= Kyoto 1st district (1947–1993) =

Former Japan House of Representatives constituency

Kyōto 1st district was a constituency of the House of Representatives in the Diet of Japan. Between 1947 and 1993 it elected five Representatives by single non-transferable vote. It was located in Kyōto and consisted, as of 1993, of the cities of Kyōto city's wards of Sakyō, Higashiyama, Kamigyō, Kita, Nakagyō, Shimogyō, Minami and Yamashina. Today, the area is split between Kyōto 1st and 2nd single-member electoral districts.

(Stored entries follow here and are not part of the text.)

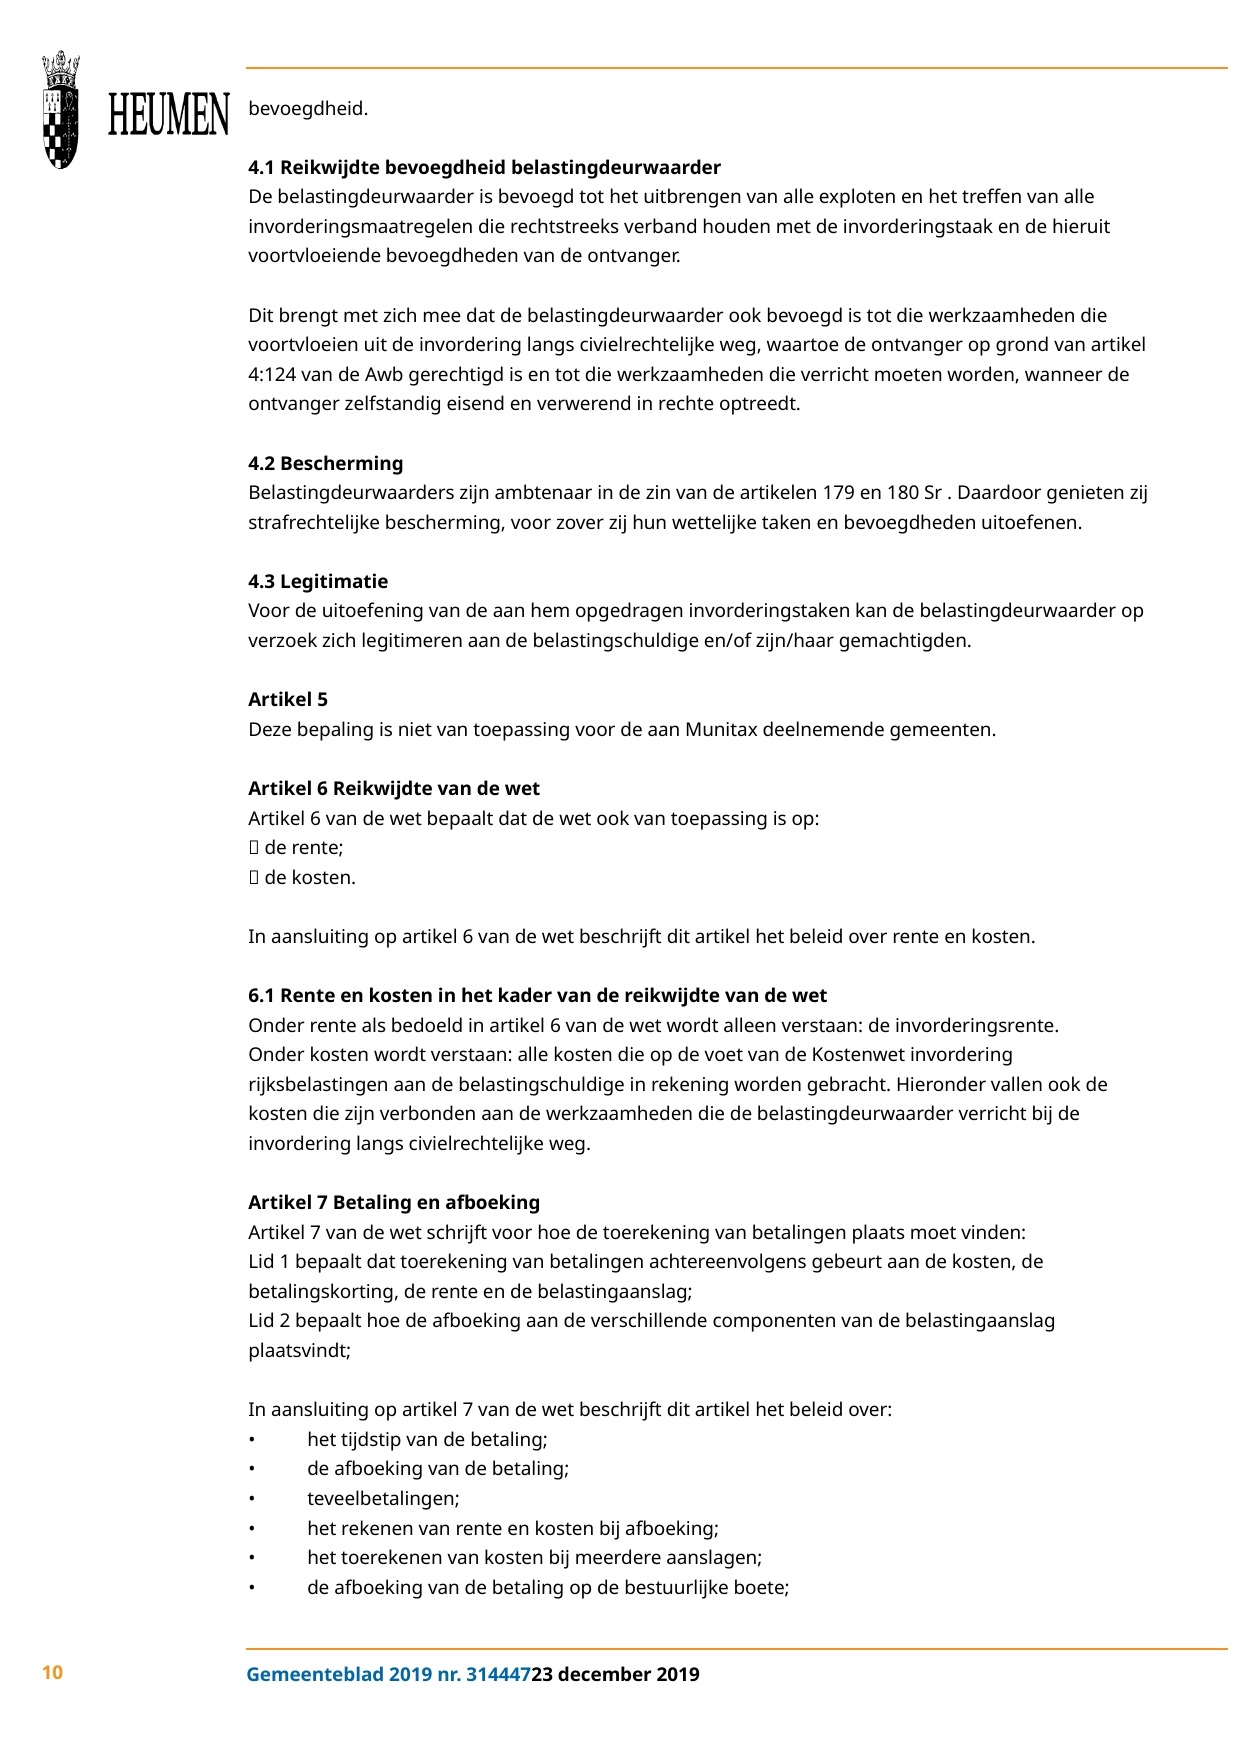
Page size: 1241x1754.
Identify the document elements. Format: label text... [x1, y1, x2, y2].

text In aansluiting op artikel 7 van de wet beschrijft dit artikel het beleid over: [248, 1396, 1152, 1422]
list de afboeking van de betaling op de bestuurlijke boete; [248, 1574, 1152, 1600]
text 4.1 Reikwijdte bevoegdheid belastingdeurwaarder [248, 154, 1152, 180]
text Belastingdeurwaarders zijn ambtenaar in de zin van de artikelen 179 en 180 Sr . Daardoor genieten zij strafrechtelijke bescherming, voor zover zij hun wettelijke taken en bevoegdheden uitoefenen. [248, 479, 1152, 535]
text  de kosten. [248, 864, 1152, 890]
text Artikel 7 van de wet schrijft voor hoe de toerekening van betalingen plaats moet vinden: [248, 1219, 1152, 1245]
text 4.2 Bescherming [248, 450, 1152, 476]
text Lid 2 bepaalt hoe de afboeking aan de verschillende componenten van de belastingaanslag plaatsvindt; [248, 1308, 1152, 1363]
text In aansluiting op artikel 6 van de wet beschrijft dit artikel het beleid over rente en kosten. [248, 923, 1152, 949]
list het tijdstip van de betaling; [248, 1426, 1152, 1452]
text Artikel 5 [248, 686, 1152, 712]
text Voor de uitoefening van de aan hem opgedragen invorderingstaken kan de belastingdeurwaarder op verzoek zich legitimeren aan de belastingschuldige en/of zijn/haar gemachtigden. [248, 598, 1152, 653]
text bevoegdheid. [248, 95, 1152, 121]
text Deze bepaling is niet van toepassing voor de aan Munitax deelnemende gemeenten. [248, 716, 1152, 742]
text Artikel 6 van de wet bepaalt dat de wet ook van toepassing is op: [248, 805, 1152, 831]
text Onder kosten wordt verstaan: alle kosten die op de voet van de Kostenwet invordering rijksbelastingen aan de belastingschuldige in rekening worden gebracht. Hieronder vallen ook de kosten die zijn verbonden aan de werkzaamheden die de belastingdeurwaarder verricht bij de invordering langs civielrechtelijke weg. [248, 1041, 1152, 1156]
text Dit brengt met zich mee dat de belastingdeurwaarder ook bevoegd is tot die werkzaamheden die voortvloeien uit de invordering langs civielrechtelijke weg, waartoe de ontvanger op grond van artikel 4:124 van de Awb gerechtigd is en tot die werkzaamheden die verricht moeten worden, wanneer de ontvanger zelfstandig eisend en verwerend in rechte optreedt. [248, 302, 1152, 416]
list het toerekenen van kosten bij meerdere aanslagen; [248, 1544, 1152, 1570]
text 6.1 Rente en kosten in het kader van de reikwijdte van de wet [248, 982, 1152, 1008]
text 4.3 Legitimatie [248, 568, 1152, 594]
list het rekenen van rente en kosten bij afboeking; [248, 1515, 1152, 1541]
text Artikel 6 Reikwijdte van de wet [248, 775, 1152, 801]
text Lid 1 bepaalt dat toerekening van betalingen achtereenvolgens gebeurt aan de kosten, de betalingskorting, de rente en de belastingaanslag; [248, 1248, 1152, 1304]
picture [41, 47, 231, 172]
text  de rente; [248, 834, 1152, 860]
text Onder rente als bedoeld in artikel 6 van de wet wordt alleen verstaan: de invorderingsrente. [248, 1012, 1152, 1038]
list de afboeking van de betaling; [248, 1456, 1152, 1481]
list teveelbetalingen; [248, 1485, 1152, 1511]
text De belastingdeurwaarder is bevoegd tot het uitbrengen van alle exploten en het treffen van alle invorderingsmaatregelen die rechtstreeks verband houden met de invorderingstaak en de hieruit voortvloeiende bevoegdheden van de ontvanger. [248, 183, 1152, 268]
text Artikel 7 Betaling en afboeking [248, 1189, 1152, 1215]

Kyōto is the stronghold of the Japanese Communist Party and the 1st district was among the few in the country where the party ever nominated more than one candidate – successfully so in the 1972 and 1979 elections; but in 1990, it lost both candidates due to vote splitting. Facing dwindling support for the major parties in the 1970s, the LDP often nominated only two candidates, the JSP just one candidate in Kyoto 1st district.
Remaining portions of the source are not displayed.